Other Things Inside The Tin
Example heatmap & legend output are included in the repo (and displayed below). The SVG has built-in CSS that enables support (where honored) for light/dark mode.
Example JSON annotations files are included in extras/
including updated top-level number assignments via https://en.wikipedia.org/wiki/List_of_assigned_/8_IPv4_address_blocks.
IANA country registry choropleth (which aligns to the colors in the second graph below).
extras/infra-and-slash-8.json
which contains an overlay layer for orienteering in IP space (ref map assets/infra8s.png
).
The justfile has some more examples.
The [generated Rust docs] have some 'splainers on the Hilbert algo.
Pre-built binaries for macOS, Windows, and Linux are in the releases.
Licenses
The heatmap code is MIT licensed. Credit would be nice but not necessary.
Insonsolata was created by Raph Levien and licensed under the Open Font License.
The extra Lato font (used in the example JSON) was created by Łukasz Dziedzic and licensed under the Open Font License.
Installation
cargo install --git https://github.com/hrbrmstr/rust-ipv4heatmap --branch batman
$ ipv4-heatmap
ipv4-heatmap 0.4.0
boB Rudis (@hrbrmstr)
Generate an IPv4 12th order Hilbert Heatmap from a file of IPv4 addresses.
USAGE:
ipv4-heatmap [OPTIONS]
OPTIONS:
-a, --annotations <ANNOTATIONS> file containing JSON CIDR annotations
-c, --crop <CROP> crop output to area represented by these CIDRs (comma
separated CIDR list)
-f, --filename <FILENAME> input file of IPs [default: ips.txt]
-h, --help Print help information
-i, --invert invert the chosen color palette
-l, --legend-file <LEGEND_FILE> output an SVG colourbar legend to this file
-m, --mask <MASK> Hilight only certain CIDRs in the heatmap image.

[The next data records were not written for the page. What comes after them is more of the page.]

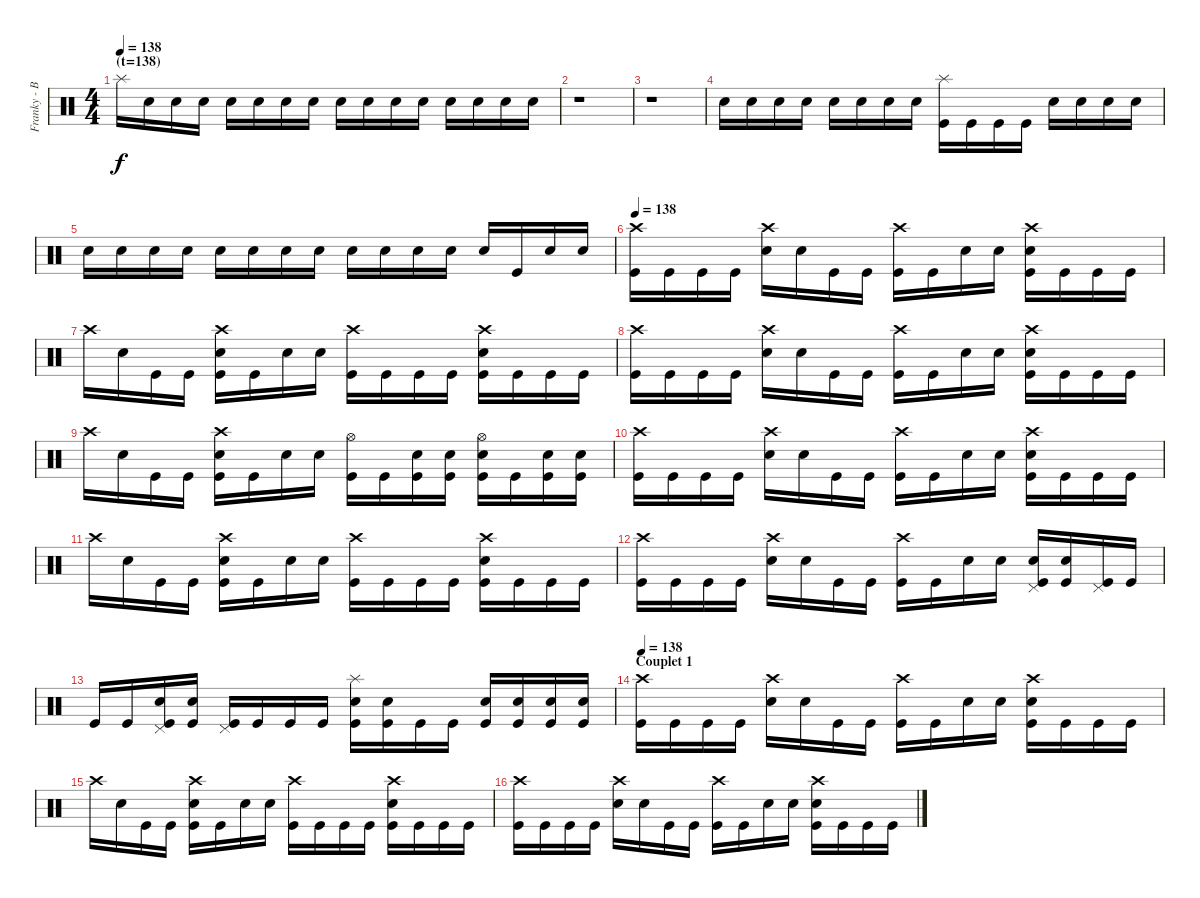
\track ("Franky - Batterie" "Franky - B") {instrument percussion}
\staff {score}
\articulation defaults
\ts (4 4)
\section ("" "(t=138)")
\tempo 138
\clef neutral
\ks c "Splash (hit)".16{dy f volume 16 balance 8} "Snare (hit)".16 "Snare (hit)".16 "Snare (hit)".16 "Snare (hit)".16 "Snare (hit)".16 "Snare (hit)".16 "Snare (hit)".16 "Snare (hit)".16 "Snare (hit)".16 "Snare (hit)".16 "Snare (hit)".16 "Snare (hit)".16 "Snare (hit)".16 "Snare (hit)".16 "Snare (hit)".16
|
r.1 |
r.1 |
"Snare (hit)".16 "Snare (hit)".16 "Snare (hit)".16 "Snare (hit)".16 "Snare (hit)".16 "Snare (hit)".16 "Snare (hit)".16 "Snare (hit)".16 ("Splash (hit)" "Kick (hit)").16 "Kick (hit)".16 "Kick (hit)".16 "Kick (hit)".16 "Electric Snare (hit)".16 "Electric Snare (hit)".16 "Electric Snare (hit)".16 "Electric Snare (hit)".16 |
"Snare (hit)".16 "Snare (hit)".16 "Snare (hit)".16 "Snare (hit)".16 "Snare (hit)".16 "Snare (hit)".16 "Snare (hit)".16 "Snare (hit)".16 "Snare (hit)".16 "Snare (hit)".16 "Snare (hit)".16 "Snare (hit)".16 "Electric Snare (hit)".16 "Kick (hit)".16 "Snare (hit)".16 "Snare (hit)".16 |
\section ("" "")
\tempo 138
("Crash high (hit)" "Kick (hit)").16{volume 16 balance 8} "Kick (hit)".16 "Kick (hit)".16 "Kick (hit)".16 ("Crash high (hit)" "Electric Snare (hit)").16 "Snare (hit)".16 "Kick (hit)".16 "Kick (hit)".16 ("Crash high (hit)" "Kick (hit)").16 "Kick (hit)".16 "Snare (hit)".16 "Snare (hit)".16 ("Crash high (hit)" "Electric Snare (hit)" "Kick (hit)").16 "Kick (hit)".16 "Kick (hit)".16 "Kick (hit)".16 |
"Crash high (hit)".16 "Snare (hit)".16 "Kick (hit)".16 "Kick (hit)".16 ("Crash high (hit)" "Electric Snare (hit)" "Kick (hit)").16 "Kick (hit)".16 "Snare (hit)".16 "Snare (hit)".16 ("Crash high (hit)" "Kick (hit)").16 "Kick (hit)".16 "Kick (hit)".16 "Kick (hit)".16 ("Crash high (hit)" "Electric Snare (hit)" "Kick (hit)").16 "Kick (hit)".16 "Kick (hit)".16 "Kick (hit)".16 |
("Crash high (hit)" "Kick (hit)").16 "Kick (hit)".16 "Kick (hit)".16 "Kick (hit)".16 ("Crash high (hit)" "Electric Snare (hit)").16 "Snare (hit)".16 "Kick (hit)".16 "Kick (hit)".16 ("Crash high (hit)" "Kick (hit)").16 "Kick (hit)".16 "Snare (hit)".16 "Snare (hit)".16 ("Crash high (hit)" "Electric Snare (hit)" "Kick (hit)").16 "Kick (hit)".16 "Kick (hit)".16 "Kick (hit)".16 |
"Crash high (hit)".16 "Snare (hit)".16 "Kick (hit)".16 "Kick (hit)".16 ("Crash high (hit)" "Electric Snare (hit)" "Kick (hit)").16 "Kick (hit)".16 "Snare (hit)".16 "Snare (hit)".16 ("Hi-Hat (open)" "Kick (hit)").16 "Kick (hit)".16 ("Electric Snare (hit)" "Kick (hit)").16 ("Electric Snare (hit)" "Kick (hit)").16 ("Hi-Hat (open)" "Electric Snare (hit)" "Kick (hit)").16 "Kick (hit)".16 ("Electric Snare (hit)" "Kick (hit)").16 ("Electric Snare (hit)" "Kick (hit)").16 |
("Crash high (hit)" "Kick (hit)").16 "Kick (hit)".16 "Kick (hit)".16 "Kick (hit)".16 ("Crash high (hit)" "Electric Snare (hit)").16 "Snare (hit)".16 "Kick (hit)".16 "Kick (hit)".16 ("Crash high (hit)" "Kick (hit)").16 "Kick (hit)".16 "Snare (hit)".16 "Snare (hit)".16 ("Crash high (hit)" "Electric Snare (hit)" "Kick (hit)").16 "Kick (hit)".16 "Kick (hit)".16 "Kick (hit)".16 |
"Crash high (hit)".16 "Snare (hit)".16 "Kick (hit)".16 "Kick (hit)".16 ("Crash high (hit)" "Electric Snare (hit)" "Kick (hit)").16 "Kick (hit)".16 "Snare (hit)".16 "Snare (hit)".16 ("Crash high (hit)" "Kick (hit)").16 "Kick (hit)".16 "Kick (hit)".16 "Kick (hit)".16 ("Crash high (hit)" "Electric Snare (hit)" "Kick (hit)").16 "Kick (hit)".16 "Kick (hit)".16 "Kick (hit)".16 |
("Crash high (hit)" "Kick (hit)").16 "Kick (hit)".16 "Kick (hit)".16 "Kick (hit)".16 ("Crash high (hit)" "Electric Snare (hit)").16 "Snare (hit)".16 "Kick (hit)".16 "Kick (hit)".16 ("Crash high (hit)" "Kick (hit)").16 "Kick (hit)".16 "Snare (hit)".16 "Snare (hit)".16 ("Pedal Hi-Hat (hit)" "Electric Snare (hit)" "Kick (hit)").16 ("Electric Snare (hit)" "Kick (hit)").16 ("Pedal Hi-Hat (hit)" "Kick (hit)").16 "Kick (hit)".16 |
"Kick (hit)".16 "Kick (hit)".16 ("Pedal Hi-Hat (hit)" "Electric Snare (hit)" "Kick (hit)").16 ("Electric Snare (hit)" "Kick (hit)").16 ("Pedal Hi-Hat (hit)" "Kick (hit)").16 "Kick (hit)".16 "Kick (hit)".16 "Kick (hit)".16 ("Splash (hit)" "Electric Snare (hit)" "Kick (hit)").16 ("Electric Snare (hit)" "Kick (hit)").16 "Kick (hit)".16 "Kick (hit)".16 ("Electric Snare (hit)" "Kick (hit)").16 ("Electric Snare (hit)" "Kick (hit)").16 ("Electric Snare (hit)" "Kick (hit)").16 ("Electric Snare (hit)" "Kick (hit)").16 |
\section ("" "Couplet 1")
\tempo 138
("Crash high (hit)" "Kick (hit)").16{volume 16 balance 8} "Kick (hit)".16 "Kick (hit)".16 "Kick (hit)".16 ("Crash high (hit)" "Electric Snare (hit)").16 "Snare (hit)".16 "Kick (hit)".16 "Kick (hit)".16 ("Crash high (hit)" "Kick (hit)").16 "Kick (hit)".16 "Snare (hit)".16 "Snare (hit)".16 ("Crash high (hit)" "Electric Snare (hit)" "Kick (hit)").16 "Kick (hit)".16 "Kick (hit)".16 "Kick (hit)".16 |
"Crash high (hit)".16 "Snare (hit)".16 "Kick (hit)".16 "Kick (hit)".16 ("Crash high (hit)" "Electric Snare (hit)" "Kick (hit)").16 "Kick (hit)".16 "Snare (hit)".16 "Snare (hit)".16 ("Crash high (hit)" "Kick (hit)").16 "Kick (hit)".16 "Kick (hit)".16 "Kick (hit)".16 ("Crash high (hit)" "Electric Snare (hit)" "Kick (hit)").16 "Kick (hit)".16 "Kick (hit)".16 "Kick (hit)".16 |
("Crash high (hit)" "Kick (hit)").16 "Kick (hit)".16 "Kick (hit)".16 "Kick (hit)".16 ("Crash high (hit)" "Electric Snare (hit)").16 "Snare (hit)".16 "Kick (hit)".16 "Kick (hit)".16 ("Crash high (hit)" "Kick (hit)").16 "Kick (hit)".16 "Snare (hit)".16 "Snare (hit)".16 ("Crash high (hit)" "Electric Snare (hit)" "Kick (hit)").16 "Kick (hit)".16 "Kick (hit)".16 "Kick (hit)".16

Can be used
with the "crop" argument to produce a masked and cropped
heatmap image
-o, --output <OUTPUT> heatmap output file; extenstion determines format [default:
map.png]
-p, --palette <PALETTE> color palette to use; one of (blues br_bg bu_gn bu_pu cividis
cool gn_bu greens greys inferno magma or_rd oranges pi_yg
plasma pr_gn pu_bu pu_bu_gn pu_or pu_rd purples rainbow rd_bu
rd_gy rd_pu rd_yl_bu rd_yl_gn reds sinebow spectral turbo
viridis warm yl_gn yl_gn_bu yl_or_br yl_or_rd) [default:
cividis]
-r, --reverse reverse the heatmap base (i.e. white background, black text)
-V, --version Print version information
Old School Assignments
$ ipv4-heatmap --filename extras/ips.txt \
--annotations extras/iana.json \
--invert \
--legend-file extras/legend.svg
Modern/Boring Assignments
$ ipv4-heatmap --filename extras/ips.txt \
--annotations extras/iana-modern.json \
--invert \
--legend-file assets/legend.svg
#! Cropping to CIDRs:
The crop below is cropping assets/map.png
(Old School Assignments full image) to the CIDR range: 0.0.0.0/8,33.0.0.0/8
:
$ ipv4-heatmap --filename extras/ips.txt \
--output assets/post-crop2.png \
--annotations extras/iana.json \
--invert \
--crop 0.0.0.0/8,33.0.0.0/8
Masking/Highlighting
We can use the mask
option to focus the visualization on a given set of CIDRs to show their contribution to internet noise. This shows RIPE's contribution of garbage:
$ ipv4-heatmap --palette magma --invert \
--filename extras/ips.txt --annotations extras/mask-labels.json --output assets/mask.png
--mask 109.0.0.0/8,141.0.0.0/8,145.0.0.0/8,151.0.0.0/8,176.0.0.0/8,178.0.0.0/8,185.0.0.0/8,188.0.0.0/8,193.0.0.0/8,194.0.0.0/8,195.0.0.0/8,2.0.0.0/8,212.0.0.0/8,213.0.0.0/8,217.0.0.0/8,31.0.0.0/8,37.0.0.0/8,46.0.0.0/8,5.0.0.0/8,51.0.0.0/8,57.0.0.0/8,62.0.0.0/8,77.0.0.0/8,78.0.0.0/8,79.0.0.0/8,80.0.0.0/8,81.0.0.0/8,82.0.0.0/8,83.0.0.0/8,84.0.0.0/8,85.0.0.0/8,86.0.0.0/8,87.0.0.0/8,88.0.0.0/8,89.0.0.0/8,90.0.0.0/8,91.0.0.0/8,92.0.0.0/8,93.0.0.0/8,94.0.0.0/8,95.0.0.0/8
The non-highlighted portions of the masked heatmap are transparent.